In previous cases, the injection wells were completed in layers 3, 4 and 5 (production wells have been completed in layer 3). In this section, injection wells are completed in other layers and the results are compared. In one case, an injection well was perforated in layers 1, 2 and 3 and in another case it was perforated just in layer 1. Figure 17 reflects the results. In the case that gas is injected into the first layer, the process is only a one pressure maintenance process and in the case that gas is injected into layers 3, 4 and 5, most of this gas is injected using the flooding process. And another case is a combination of these two cases which has been the only case having more recovery than natural depletion so far (Table 9). So the optimization of other parameters will be done in this scenario.

Fig. 17
figure 17

a Oil production rate for various location’s perforation, b GOR for various location’s perforation, c cumulative oil production for various location’s perforation and d pressure changes during injection for various location’s perforation

Table 9 RF for various location’s perforation

Determining the beginning time of injection

Four cases were considered as follows:

  • Starting production

  • 1 year after starting production

  • 2 years after starting production

  • 4 years after starting production

And the results are shown in Fig. 18 and Table 10.

Fig. 18
figure 18

a Oil production rate for various beginning times of injection, b GOR for various beginning times of injection, c cumulative oil production for various beginning times of injection and d pressure changes during injection for various beginning times of injection

Table 10 RF for various beginning time of injection

As it is obvious from the results, injection at the beginning of production prevents the initial pressure drop (at this time the field production rate is high) and thus greater ultimate recovery will result.
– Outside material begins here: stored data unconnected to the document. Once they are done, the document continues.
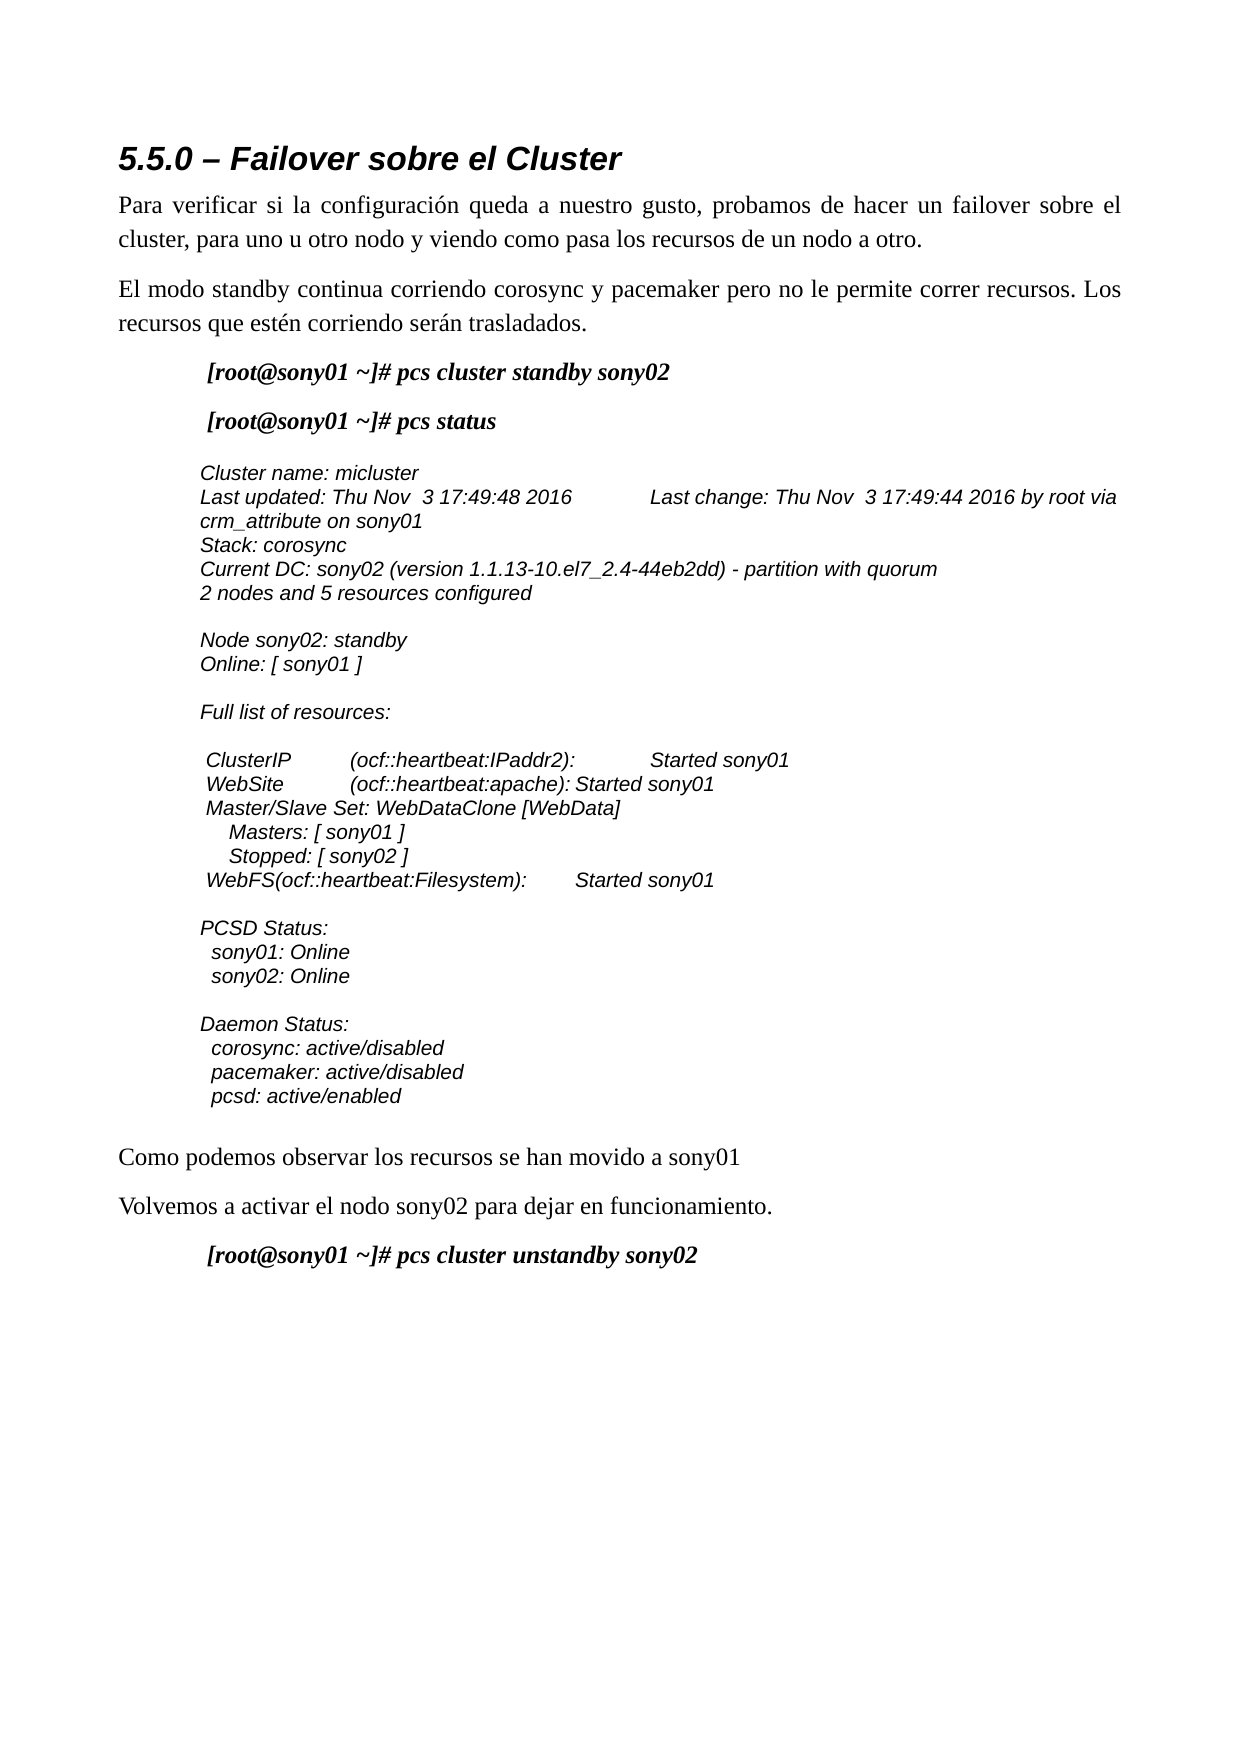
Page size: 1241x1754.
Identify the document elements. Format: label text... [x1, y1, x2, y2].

text [root@sony01 ~]# pcs cluster unstandby sony02 [207, 1240, 1122, 1269]
text Para verificar si la configuración queda a nuestro gusto, probamos de hacer un failover sobre el cluster, para uno u otro nodo y viendo como pasa los recursos de un nodo a otro. [118, 190, 1122, 253]
subtitle 5.5.0 – Failover sobre el Cluster [118, 139, 1122, 178]
text Volvemos a activar el nodo sony02 para dejar en funcionamiento. [118, 1191, 1122, 1220]
text [root@sony01 ~]# pcs cluster standby sony02 [207, 357, 1122, 386]
text [root@sony01 ~]# pcs status [207, 406, 1122, 435]
text El modo standby continua corriendo corosync y pacemaker pero no le permite correr recursos. Los recursos que estén corriendo serán trasladados. [118, 274, 1122, 337]
text Como podemos observar los recursos se han movido a sony01 [118, 1142, 1122, 1171]

So in the end of all scenarios, the best scenario is as follows:

  • Gas type: associated gas

  • Injection rate: voidage

  • Injection into layers 1, 2 and 3

  • Time: at the beginning of production

Conclusion

  • MIS field is the first field in the Middle East that produced oil and it started in 1911 (100 years ago). Now, the recovery factor equals 18.7 %. So this reservoir is a candidate for an EOR process.

  • The slim tube simulator in this project was validated for two different fluid reservoirs and can be used to calculate the MMP and MME (minimum miscibility enrichment).

  • According to the results of the slim tube simulator, all injective gases are immiscible. CO2 has minimal amounts of MMP. But in the current condition, none of these gases (even CO2) have the ability to mix with the fluid reservoir.

  • Considering that all of the gases were immiscible and the ultimate oil recovery did not experience any significant difference, and because the supply of this gas is more economical than other gases, the optimization of other parameters for this gas needs to be determined.

  • Whereas the type of operation is flooding and pressure maintenance, increasing the gas injection rate leads to faster movement of gas toward production wells and thus results in sooner shutting and the final recovery will be less.

  • At the end of all scenarios, the best scenario was as follows: associated gas with voidage rate that was injected into layers 1, 2 and 3 at the beginning of production, but the RF difference for this scenario and natural depletion is just 0.03 %. So it can be stated that gas injection is not useful as an increase recovery factor of the MIS field.